Throughout the entries below, report every line where "track" is found.

*** Opening MATERIAL PROVIDED ***

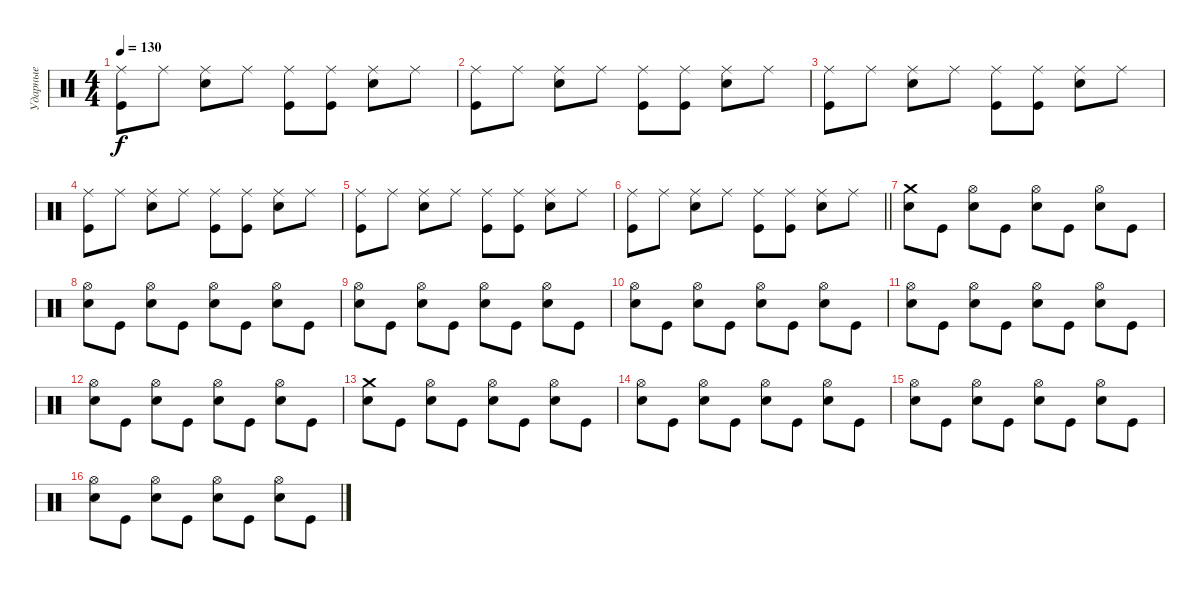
\track ("Ударные" "Ударные") {instrument percussion}
\staff {score}
\articulation defaults
\ts (4 4)
\tempo 130
\clef neutral
\ks c
("Ride (middle)" "Kick (hit)").8{dy f} "Ride (middle)".8 ("Ride (middle)" "Electric Snare (hit)").8 "Ride (middle)".8 ("Ride (middle)" "Kick (hit)").8 ("Ride (middle)" "Kick (hit)").8 ("Ride (middle)" "Electric Snare (hit)").8 "Ride (middle)".8 |
("Ride (middle)" "Kick (hit)").8 "Ride (middle)".8 ("Ride (middle)" "Electric Snare (hit)").8 "Ride (middle)".8 ("Ride (middle)" "Kick (hit)").8 ("Ride (middle)" "Kick (hit)").8 ("Ride (middle)" "Electric Snare (hit)").8 "Ride (middle)".8 |
("Ride (middle)" "Kick (hit)").8 "Ride (middle)".8 ("Ride (middle)" "Electric Snare (hit)").8 "Ride (middle)".8 ("Ride (middle)" "Kick (hit)").8 ("Ride (middle)" "Kick (hit)").8 ("Ride (middle)" "Electric Snare (hit)").8 "Ride (middle)".8 |
("Ride (middle)" "Kick (hit)").8 "Ride (middle)".8 ("Ride (middle)" "Electric Snare (hit)").8 "Ride (middle)".8 ("Ride (middle)" "Kick (hit)").8 ("Ride (middle)" "Kick (hit)").8 ("Ride (middle)" "Electric Snare (hit)").8 "Ride (middle)".8 |
("Ride (middle)" "Kick (hit)").8 "Ride (middle)".8 ("Ride (middle)" "Electric Snare (hit)").8 "Ride (middle)".8 ("Ride (middle)" "Kick (hit)").8 ("Ride (middle)" "Kick (hit)").8 ("Ride (middle)" "Electric Snare (hit)").8 "Ride (middle)".8 |
\barLineRight lightlight
("Ride (middle)" "Kick (hit)").8 "Ride (middle)".8 ("Ride (middle)" "Electric Snare (hit)").8 "Ride (middle)".8 ("Ride (middle)" "Kick (hit)").8 ("Ride (middle)" "Kick (hit)").8 ("Ride (middle)" "Electric Snare (hit)").8 "Ride (middle)".8 |
\section ("" " ")
("Crash medium (hit)" "Electric Snare (hit)").8 "Kick (hit)".8 ("Hi-Hat (open)" "Electric Snare (hit)").8 "Kick (hit)".8 ("Hi-Hat (open)" "Electric Snare (hit)").8 "Kick (hit)".8 ("Hi-Hat (open)" "Electric Snare (hit)").8 "Kick (hit)".8 |
("Hi-Hat (open)" "Electric Snare (hit)").8 "Kick (hit)".8 ("Hi-Hat (open)" "Electric Snare (hit)").8 "Kick (hit)".8 ("Hi-Hat (open)" "Electric Snare (hit)").8 "Kick (hit)".8 ("Hi-Hat (open)" "Electric Snare (hit)").8 "Kick (hit)".8 |
("Hi-Hat (open)" "Electric Snare (hit)").8 "Kick (hit)".8 ("Hi-Hat (open)" "Electric Snare (hit)").8 "Kick (hit)".8 ("Hi-Hat (open)" "Electric Snare (hit)").8 "Kick (hit)".8 ("Hi-Hat (open)" "Electric Snare (hit)").8 "Kick (hit)".8 |
("Hi-Hat (open)" "Electric Snare (hit)").8 "Kick (hit)".8 ("Hi-Hat (open)" "Electric Snare (hit)").8 "Kick (hit)".8 ("Hi-Hat (open)" "Electric Snare (hit)").8 "Kick (hit)".8 ("Hi-Hat (open)" "Electric Snare (hit)").8 "Kick (hit)".8 |
("Hi-Hat (open)" "Electric Snare (hit)").8 "Kick (hit)".8 ("Hi-Hat (open)" "Electric Snare (hit)").8 "Kick (hit)".8 ("Hi-Hat (open)" "Electric Snare (hit)").8 "Kick (hit)".8 ("Hi-Hat (open)" "Electric Snare (hit)").8 "Kick (hit)".8 |
("Hi-Hat (open)" "Electric Snare (hit)").8 "Kick (hit)".8 ("Hi-Hat (open)" "Electric Snare (hit)").8 "Kick (hit)".8 ("Hi-Hat (open)" "Electric Snare (hit)").8 "Kick (hit)".8 ("Hi-Hat (open)" "Electric Snare (hit)").8 "Kick (hit)".8 |
("Crash medium (hit)" "Electric Snare (hit)").8 "Kick (hit)".8 ("Hi-Hat (open)" "Electric Snare (hit)").8 "Kick (hit)".8 ("Hi-Hat (open)" "Electric Snare (hit)").8 "Kick (hit)".8 ("Hi-Hat (open)" "Electric Snare (hit)").8 "Kick (hit)".8 |
("Hi-Hat (open)" "Electric Snare (hit)").8 "Kick (hit)".8 ("Hi-Hat (open)" "Electric Snare (hit)").8 "Kick (hit)".8 ("Hi-Hat (open)" "Electric Snare (hit)").8 "Kick (hit)".8 ("Hi-Hat (open)" "Electric Snare (hit)").8 "Kick (hit)".8 |
("Hi-Hat (open)" "Electric Snare (hit)").8 "Kick (hit)".8 ("Hi-Hat (open)" "Electric Snare (hit)").8 "Kick (hit)".8 ("Hi-Hat (open)" "Electric Snare (hit)").8 "Kick (hit)".8 ("Hi-Hat (open)" "Electric Snare (hit)").8 "Kick (hit)".8 |
("Hi-Hat (open)" "Electric Snare (hit)").8 "Kick (hit)".8 ("Hi-Hat (open)" "Electric Snare (hit)").8 "Kick (hit)".8 ("Hi-Hat (open)" "Electric Snare (hit)").8 "Kick (hit)".8 ("Hi-Hat (open)" "Electric Snare (hit)").8 "Kick (hit)".8
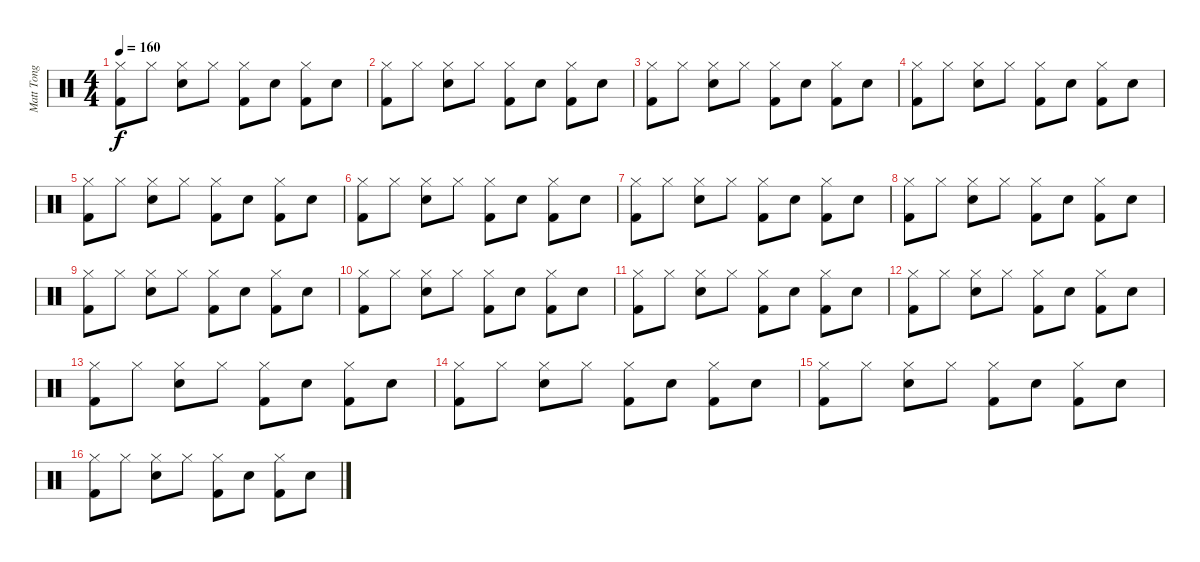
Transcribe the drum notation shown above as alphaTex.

\track ("Matt Tong" "Matt Tong") {instrument percussion}
\staff {score}
\articulation defaults
\ts (4 4)
\tempo 160
\clef neutral
\ks c
("Hi-Hat (closed)" "Kick (hit) 2").8{dy f} "Hi-Hat (closed)".8 ("Hi-Hat (closed)" "Electric Snare (hit)").8 "Hi-Hat (closed)".8 ("Hi-Hat (closed)" "Kick (hit) 2").8 "Electric Snare (hit)".8 ("Hi-Hat (closed)" "Kick (hit) 2").8 "Electric Snare (hit)".8 |
("Hi-Hat (closed)" "Kick (hit) 2").8 "Hi-Hat (closed)".8 ("Hi-Hat (closed)" "Electric Snare (hit)").8 "Hi-Hat (closed)".8 ("Hi-Hat (closed)" "Kick (hit) 2").8 "Electric Snare (hit)".8 ("Hi-Hat (closed)" "Kick (hit) 2").8 "Electric Snare (hit)".8 |
("Hi-Hat (closed)" "Kick (hit) 2").8 "Hi-Hat (closed)".8 ("Hi-Hat (closed)" "Electric Snare (hit)").8 "Hi-Hat (closed)".8 ("Hi-Hat (closed)" "Kick (hit) 2").8 "Electric Snare (hit)".8 ("Hi-Hat (closed)" "Kick (hit) 2").8 "Electric Snare (hit)".8 |
("Hi-Hat (closed)" "Kick (hit) 2").8 "Hi-Hat (closed)".8 ("Hi-Hat (closed)" "Electric Snare (hit)").8 "Hi-Hat (closed)".8 ("Hi-Hat (closed)" "Kick (hit) 2").8 "Electric Snare (hit)".8 ("Hi-Hat (closed)" "Kick (hit) 2").8 "Electric Snare (hit)".8 |
("Hi-Hat (closed)" "Kick (hit) 2").8 "Hi-Hat (closed)".8 ("Hi-Hat (closed)" "Electric Snare (hit)").8 "Hi-Hat (closed)".8 ("Hi-Hat (closed)" "Kick (hit) 2").8 "Electric Snare (hit)".8 ("Hi-Hat (closed)" "Kick (hit) 2").8 "Electric Snare (hit)".8 |
("Hi-Hat (closed)" "Kick (hit) 2").8 "Hi-Hat (closed)".8 ("Hi-Hat (closed)" "Electric Snare (hit)").8 "Hi-Hat (closed)".8 ("Hi-Hat (closed)" "Kick (hit) 2").8 "Electric Snare (hit)".8 ("Hi-Hat (closed)" "Kick (hit) 2").8 "Electric Snare (hit)".8 |
("Hi-Hat (closed)" "Kick (hit) 2").8 "Hi-Hat (closed)".8 ("Hi-Hat (closed)" "Electric Snare (hit)").8 "Hi-Hat (closed)".8 ("Hi-Hat (closed)" "Kick (hit) 2").8 "Electric Snare (hit)".8 ("Hi-Hat (closed)" "Kick (hit) 2").8 "Electric Snare (hit)".8 |
("Hi-Hat (closed)" "Kick (hit) 2").8 "Hi-Hat (closed)".8 ("Hi-Hat (closed)" "Electric Snare (hit)").8 "Hi-Hat (closed)".8 ("Hi-Hat (closed)" "Kick (hit) 2").8 "Electric Snare (hit)".8 ("Hi-Hat (closed)" "Kick (hit) 2").8 "Electric Snare (hit)".8 |
("Hi-Hat (closed)" "Kick (hit) 2").8 "Hi-Hat (closed)".8 ("Hi-Hat (closed)" "Electric Snare (hit)").8 "Hi-Hat (closed)".8 ("Hi-Hat (closed)" "Kick (hit) 2").8 "Electric Snare (hit)".8 ("Hi-Hat (closed)" "Kick (hit) 2").8 "Electric Snare (hit)".8 |
("Hi-Hat (closed)" "Kick (hit) 2").8 "Hi-Hat (closed)".8 ("Hi-Hat (closed)" "Electric Snare (hit)").8 "Hi-Hat (closed)".8 ("Hi-Hat (closed)" "Kick (hit) 2").8 "Electric Snare (hit)".8 ("Hi-Hat (closed)" "Kick (hit) 2").8 "Electric Snare (hit)".8 |
("Hi-Hat (closed)" "Kick (hit) 2").8 "Hi-Hat (closed)".8 ("Hi-Hat (closed)" "Electric Snare (hit)").8 "Hi-Hat (closed)".8 ("Hi-Hat (closed)" "Kick (hit) 2").8 "Electric Snare (hit)".8 ("Hi-Hat (closed)" "Kick (hit) 2").8 "Electric Snare (hit)".8 |
("Hi-Hat (closed)" "Kick (hit) 2").8 "Hi-Hat (closed)".8 ("Hi-Hat (closed)" "Electric Snare (hit)").8 "Hi-Hat (closed)".8 ("Hi-Hat (closed)" "Kick (hit) 2").8 "Electric Snare (hit)".8 ("Hi-Hat (closed)" "Kick (hit) 2").8 "Electric Snare (hit)".8 |
("Hi-Hat (closed)" "Kick (hit) 2").8 "Hi-Hat (closed)".8 ("Hi-Hat (closed)" "Electric Snare (hit)").8 "Hi-Hat (closed)".8 ("Hi-Hat (closed)" "Kick (hit) 2").8 "Electric Snare (hit)".8 ("Hi-Hat (closed)" "Kick (hit) 2").8 "Electric Snare (hit)".8 |
("Hi-Hat (closed)" "Kick (hit) 2").8 "Hi-Hat (closed)".8 ("Hi-Hat (closed)" "Electric Snare (hit)").8 "Hi-Hat (closed)".8 ("Hi-Hat (closed)" "Kick (hit) 2").8 "Electric Snare (hit)".8 ("Hi-Hat (closed)" "Kick (hit) 2").8 "Electric Snare (hit)".8 |
("Hi-Hat (closed)" "Kick (hit) 2").8 "Hi-Hat (closed)".8 ("Hi-Hat (closed)" "Electric Snare (hit)").8 "Hi-Hat (closed)".8 ("Hi-Hat (closed)" "Kick (hit) 2").8 "Electric Snare (hit)".8 ("Hi-Hat (closed)" "Kick (hit) 2").8 "Electric Snare (hit)".8 |
("Hi-Hat (closed)" "Kick (hit) 2").8 "Hi-Hat (closed)".8 ("Hi-Hat (closed)" "Electric Snare (hit)").8 "Hi-Hat (closed)".8 ("Hi-Hat (closed)" "Kick (hit) 2").8 "Electric Snare (hit)".8 ("Hi-Hat (closed)" "Kick (hit) 2").8 "Electric Snare (hit)".8

*** Closing MATERIAL PROVIDED ***

▶ _SOLVED EXERCISE_
\track ("Ударные" "Ударные") {instrument percussion}
\track ("Matt Tong" "Matt Tong") {instrument percussion}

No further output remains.